[Opening MATERIALS PROVIDED section]

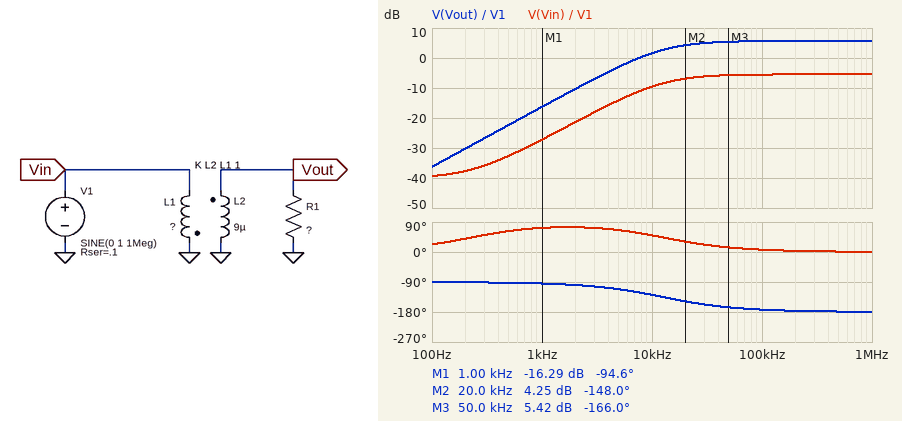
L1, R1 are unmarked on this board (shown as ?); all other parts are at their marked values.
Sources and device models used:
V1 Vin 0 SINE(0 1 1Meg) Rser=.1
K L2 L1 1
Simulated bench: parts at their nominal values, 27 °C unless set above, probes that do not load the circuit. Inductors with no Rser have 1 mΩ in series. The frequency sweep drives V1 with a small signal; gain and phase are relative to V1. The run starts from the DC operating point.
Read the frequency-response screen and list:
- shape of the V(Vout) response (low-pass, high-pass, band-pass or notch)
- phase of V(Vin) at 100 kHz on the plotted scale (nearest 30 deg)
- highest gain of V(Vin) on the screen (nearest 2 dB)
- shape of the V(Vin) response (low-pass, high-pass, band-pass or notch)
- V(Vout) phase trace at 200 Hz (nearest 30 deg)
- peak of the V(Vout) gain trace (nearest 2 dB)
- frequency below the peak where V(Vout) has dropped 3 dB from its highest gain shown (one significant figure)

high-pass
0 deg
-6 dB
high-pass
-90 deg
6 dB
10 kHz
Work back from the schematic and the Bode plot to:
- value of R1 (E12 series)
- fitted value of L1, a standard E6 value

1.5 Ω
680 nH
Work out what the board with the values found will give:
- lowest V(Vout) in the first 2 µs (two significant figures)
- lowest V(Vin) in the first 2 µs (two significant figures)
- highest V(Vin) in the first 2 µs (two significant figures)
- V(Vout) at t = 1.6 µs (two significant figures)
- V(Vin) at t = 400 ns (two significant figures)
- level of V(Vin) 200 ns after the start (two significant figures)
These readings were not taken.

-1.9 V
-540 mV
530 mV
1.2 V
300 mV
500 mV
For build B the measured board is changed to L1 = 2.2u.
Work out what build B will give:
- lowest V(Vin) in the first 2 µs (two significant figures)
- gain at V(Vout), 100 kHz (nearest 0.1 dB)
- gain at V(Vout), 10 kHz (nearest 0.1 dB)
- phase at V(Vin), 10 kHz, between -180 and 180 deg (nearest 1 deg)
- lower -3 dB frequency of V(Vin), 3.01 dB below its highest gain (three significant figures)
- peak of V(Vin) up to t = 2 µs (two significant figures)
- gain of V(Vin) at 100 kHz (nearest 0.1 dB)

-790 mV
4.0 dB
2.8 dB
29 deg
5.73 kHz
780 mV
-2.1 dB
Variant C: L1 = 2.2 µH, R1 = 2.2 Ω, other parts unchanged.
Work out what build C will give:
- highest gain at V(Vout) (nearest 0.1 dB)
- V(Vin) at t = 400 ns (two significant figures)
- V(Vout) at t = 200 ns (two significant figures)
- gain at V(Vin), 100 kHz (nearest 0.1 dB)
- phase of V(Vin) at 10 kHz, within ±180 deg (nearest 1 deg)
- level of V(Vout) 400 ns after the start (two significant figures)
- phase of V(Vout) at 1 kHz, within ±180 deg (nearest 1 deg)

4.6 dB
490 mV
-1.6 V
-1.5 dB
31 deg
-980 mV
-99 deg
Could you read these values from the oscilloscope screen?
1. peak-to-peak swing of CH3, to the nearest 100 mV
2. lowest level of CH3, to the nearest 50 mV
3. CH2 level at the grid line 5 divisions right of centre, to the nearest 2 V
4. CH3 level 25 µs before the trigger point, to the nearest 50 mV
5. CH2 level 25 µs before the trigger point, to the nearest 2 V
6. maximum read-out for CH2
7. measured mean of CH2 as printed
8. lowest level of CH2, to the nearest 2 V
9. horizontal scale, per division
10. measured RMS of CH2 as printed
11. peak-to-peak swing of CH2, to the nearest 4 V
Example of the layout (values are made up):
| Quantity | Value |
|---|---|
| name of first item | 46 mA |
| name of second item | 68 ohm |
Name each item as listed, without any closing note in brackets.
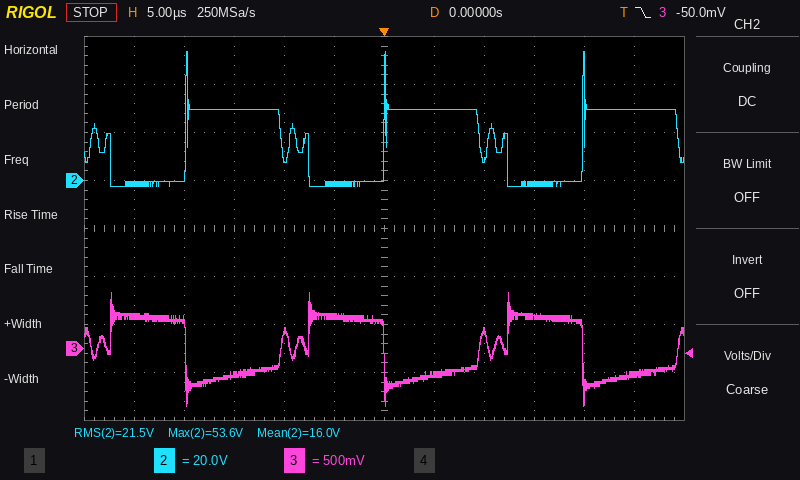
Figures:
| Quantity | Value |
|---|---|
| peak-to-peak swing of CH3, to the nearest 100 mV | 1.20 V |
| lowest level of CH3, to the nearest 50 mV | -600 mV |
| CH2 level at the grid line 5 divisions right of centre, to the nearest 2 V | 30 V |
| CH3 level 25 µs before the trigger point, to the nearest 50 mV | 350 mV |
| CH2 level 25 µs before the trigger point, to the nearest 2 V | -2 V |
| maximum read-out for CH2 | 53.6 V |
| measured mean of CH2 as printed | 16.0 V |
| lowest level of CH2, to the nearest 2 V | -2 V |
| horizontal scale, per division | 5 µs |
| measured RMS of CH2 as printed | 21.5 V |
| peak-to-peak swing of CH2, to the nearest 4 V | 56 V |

[Closing MATERIALS PROVIDED section]

* _TO DO_
Copy only what lies between the start of the listing above and the line containing "- gain at V(Vout), 100 kHz (nearest 0.1 dB)", inclusive of both ends, exactly as written, and drop the pictures.

* _ANSWER TO THIS EXERCISE_
L1, R1 are unmarked on this board (shown as ?); all other parts are at their marked values.
Sources and device models used:
V1 Vin 0 SINE(0 1 1Meg) Rser=.1
K L2 L1 1
Simulated bench: parts at their nominal values, 27 °C unless set above, probes that do not load the circuit. Inductors with no Rser have 1 mΩ in series. The frequency sweep drives V1 with a small signal; gain and phase are relative to V1. The run starts from the DC operating point.
Read the frequency-response screen and list:
- shape of the V(Vout) response (low-pass, high-pass, band-pass or notch)
- phase of V(Vin) at 100 kHz on the plotted scale (nearest 30 deg)
- highest gain of V(Vin) on the screen (nearest 2 dB)
- shape of the V(Vin) response (low-pass, high-pass, band-pass or notch)
- V(Vout) phase trace at 200 Hz (nearest 30 deg)
- peak of the V(Vout) gain trace (nearest 2 dB)
- frequency below the peak where V(Vout) has dropped 3 dB from its highest gain shown (one significant figure)

high-pass
0 deg
-6 dB
high-pass
-90 deg
6 dB
10 kHz
Work back from the schematic and the Bode plot to:
- value of R1 (E12 series)
- fitted value of L1, a standard E6 value

1.5 Ω
680 nH
Work out what the board with the values found will give:
- lowest V(Vout) in the first 2 µs (two significant figures)
- lowest V(Vin) in the first 2 µs (two significant figures)
- highest V(Vin) in the first 2 µs (two significant figures)
- V(Vout) at t = 1.6 µs (two significant figures)
- V(Vin) at t = 400 ns (two significant figures)
- level of V(Vin) 200 ns after the start (two significant figures)
These readings were not taken.

-1.9 V
-540 mV
530 mV
1.2 V
300 mV
500 mV
For build B the measured board is changed to L1 = 2.2u.
Work out what build B will give:
- lowest V(Vin) in the first 2 µs (two significant figures)
- gain at V(Vout), 100 kHz (nearest 0.1 dB)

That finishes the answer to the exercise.